Today was our Wags for Hope evaluation. I took Lily to the appointed site (Central Dawgma in Frederick) a little early so she could get used to the sights, sounds, and smells well in advance of the eval. A lady outside was walking her Doberman back and forth along the sidewalk in the frigid temperatures. It was about 15 degrees at the time, with a wind chill around 0. It was the kind of cold that sliced right through my jeans and froze my legs; the kind of cold that chapped my face instantly. Lily didn't seem to mind. She just knew she was getting to do something special with me.
We registered and wandered around the store. The only problem was that she knew the place. The last time we were there, it was to give her a bath in their Dawg Wash, a self-serve facility where they provide the sink, towels, shampoo/conditioner, and clean-up. It's a really nice service they offer. Halfway through her bath, though, the water ran cold, and unfortunately she got a cold rinse off, because we couldn't take her home with shampoo all over her. I wasn't happy about it, and obviously, neither was she. Now she gets her baths elsewhere. I had to keep reassuring her that we weren't there for a bath.
The allotted time arrived and we entered the training area in the back. Beside us, there were four other women with their dogs. Strange that there were no men.
One woman had a beautiful German Shepherd named James Bond who was just amazingly handsome and sleek. Another had a Lab mix, a mutt, named Pippy, who was a little nervous (like us). Another woman, a vet tech from Pennsylvania, had her Golden Retriever, River, with her (beautiful name, don't you think?). The woman with the Dobie was there, too.
The organizers explained what we'd be doing, and they gave us a little background on volunteering with Wags. It was nice to hear that two of them were active volunteers and another was a volunteer coordinator with one of the facilities that received visitors. There were a few moves we had to go through, including the approach of several strangers with wheelchairs and walkers.
Pippy went first, and she passed. Then James Bond went. Despite being a little young and antsy, he passed, too. It was our turn. I had made a conscious effort to calm my nerves, because I know that goes right down the leash. But still, Lily was panting.
Up we went. We made the loose leash walk around the ring with no problem. Then we were approached by a stranger. While I shook hands, Lily plopped her butt down and waited to be petted. Good girl!
Next, we were approached by a loudly complaining woman who was walking funny. No problems. Lily again sat and charmed the heck out of the woman. The wheelchair approach was also no problem. The walker scared her, however. She'd never seen one. She immediately tucked herself behind me and peered around at the noisy device. I crouched down and reassured her. I said, "Look, someone wants to meet you!" She gradually came out and noticed the person behind the walker. That was all it took! Big smile! Wagging butt!
The final attempt to startle her with loud noises made no impact at all. She just smiled and wagged. They were enamored of her.
We went back to our seat and waited. I leaned down and snuggled Lily. "Good job," I said.
The woman brought the form over for me to sign. The box that said, "Pass (with honors)" was checked, and I was beaming.
"We all loved her," the director said. "Welcome!"
In the end, we all passed except for the Doberman, which is why I didn't put his name in here. I don't want the poor owner to find herself in a search. He was a very nice dog, but he had a few bad habits. One of his habits would not have been appropriate - at all - for elderly people. He would jump up and kiss people on the nose. Elderly people often have poor balance and very fragile skin. This owner hadn't realized how she was reinforcing the behavior by thinking it was cute. Many people are afraid of big dogs like Dobermans anyway. To have one jump at your face is really scary.
As it turns out, Lily is the only one who hadn't had any puppy training or any real formal training at all (other than the wacky lady who came out to the house and whom I never asked back). It's all been us. First my daughter (whose dog Lily was for the first two years) and then me. I guess we did good!
On February 3rd, I have to go to a Visiting 101 class at the library, and then I'll get scheduled to "shadow" another team. Then a current volunteer will "shadow" Lily and I.

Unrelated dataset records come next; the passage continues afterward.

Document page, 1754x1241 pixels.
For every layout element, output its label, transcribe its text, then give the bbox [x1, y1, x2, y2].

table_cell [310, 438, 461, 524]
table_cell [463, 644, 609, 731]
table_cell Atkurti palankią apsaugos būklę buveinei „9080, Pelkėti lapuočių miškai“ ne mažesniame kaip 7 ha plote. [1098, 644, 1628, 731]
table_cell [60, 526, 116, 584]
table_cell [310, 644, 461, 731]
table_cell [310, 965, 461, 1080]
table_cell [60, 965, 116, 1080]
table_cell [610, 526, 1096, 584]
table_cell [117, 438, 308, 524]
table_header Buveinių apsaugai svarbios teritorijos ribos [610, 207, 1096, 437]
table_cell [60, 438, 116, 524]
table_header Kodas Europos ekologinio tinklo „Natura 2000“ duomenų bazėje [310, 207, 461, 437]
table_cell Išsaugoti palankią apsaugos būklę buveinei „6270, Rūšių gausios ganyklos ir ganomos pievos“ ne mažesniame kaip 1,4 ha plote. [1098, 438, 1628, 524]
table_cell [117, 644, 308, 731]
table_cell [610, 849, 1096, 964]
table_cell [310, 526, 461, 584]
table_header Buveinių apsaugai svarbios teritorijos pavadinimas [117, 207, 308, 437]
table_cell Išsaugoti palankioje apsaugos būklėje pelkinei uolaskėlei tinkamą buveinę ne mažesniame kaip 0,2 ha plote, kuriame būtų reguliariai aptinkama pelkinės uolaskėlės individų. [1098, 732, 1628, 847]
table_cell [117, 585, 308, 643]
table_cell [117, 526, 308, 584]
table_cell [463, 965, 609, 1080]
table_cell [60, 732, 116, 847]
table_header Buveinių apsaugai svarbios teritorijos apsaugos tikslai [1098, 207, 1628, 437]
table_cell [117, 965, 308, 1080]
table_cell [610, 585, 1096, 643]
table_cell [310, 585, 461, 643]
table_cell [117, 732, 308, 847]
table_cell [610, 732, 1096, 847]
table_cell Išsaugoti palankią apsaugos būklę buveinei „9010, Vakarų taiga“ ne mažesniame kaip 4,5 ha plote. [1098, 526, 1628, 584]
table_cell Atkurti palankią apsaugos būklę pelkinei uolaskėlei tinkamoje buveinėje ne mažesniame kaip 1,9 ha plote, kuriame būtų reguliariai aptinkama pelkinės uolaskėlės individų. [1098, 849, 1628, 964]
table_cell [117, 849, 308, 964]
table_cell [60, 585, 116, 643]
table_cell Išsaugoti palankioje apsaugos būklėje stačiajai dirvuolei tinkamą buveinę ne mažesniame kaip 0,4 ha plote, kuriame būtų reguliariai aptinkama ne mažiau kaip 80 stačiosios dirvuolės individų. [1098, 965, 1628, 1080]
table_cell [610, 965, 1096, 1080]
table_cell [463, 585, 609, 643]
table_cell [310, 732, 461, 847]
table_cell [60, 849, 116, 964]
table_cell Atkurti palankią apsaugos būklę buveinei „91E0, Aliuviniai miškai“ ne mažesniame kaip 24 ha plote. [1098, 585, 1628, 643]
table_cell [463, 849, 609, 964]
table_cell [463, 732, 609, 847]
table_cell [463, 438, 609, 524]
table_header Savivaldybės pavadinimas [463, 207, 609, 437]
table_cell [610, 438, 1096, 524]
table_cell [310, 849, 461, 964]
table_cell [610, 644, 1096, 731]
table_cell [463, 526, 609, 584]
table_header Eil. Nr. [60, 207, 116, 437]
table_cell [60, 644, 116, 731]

We still have Delta certification to get through in the spring in order to get Lily into HosPets. That will give me time to get through training myself. It's busy, folks!
Tomorrow is another hectic day. First I have an early service at church, and then I'll be heading straight over to Hood College for grad school orientation. I'll go through the normal red tape - assuring them I have health insurance, getting my parking tag, finding my way around - and then I'll have lunch with my advisor, Dr. Dana Cable. I have my books already, and my first class is Thursday after work. Oh boy!
Because my husband had eye surgery on Thursday, I've been having to do all the driving and handle everything around here. It gives me very little time for reading blogs, but I'm trying to skim them as I can. I'm still here, but as I knew it would, life in 2009 is a whole new ball game.
Anyway, I couldn't wait to share the good news with you all Lily is now passed out and snoring. I did a little of that after we got home, too!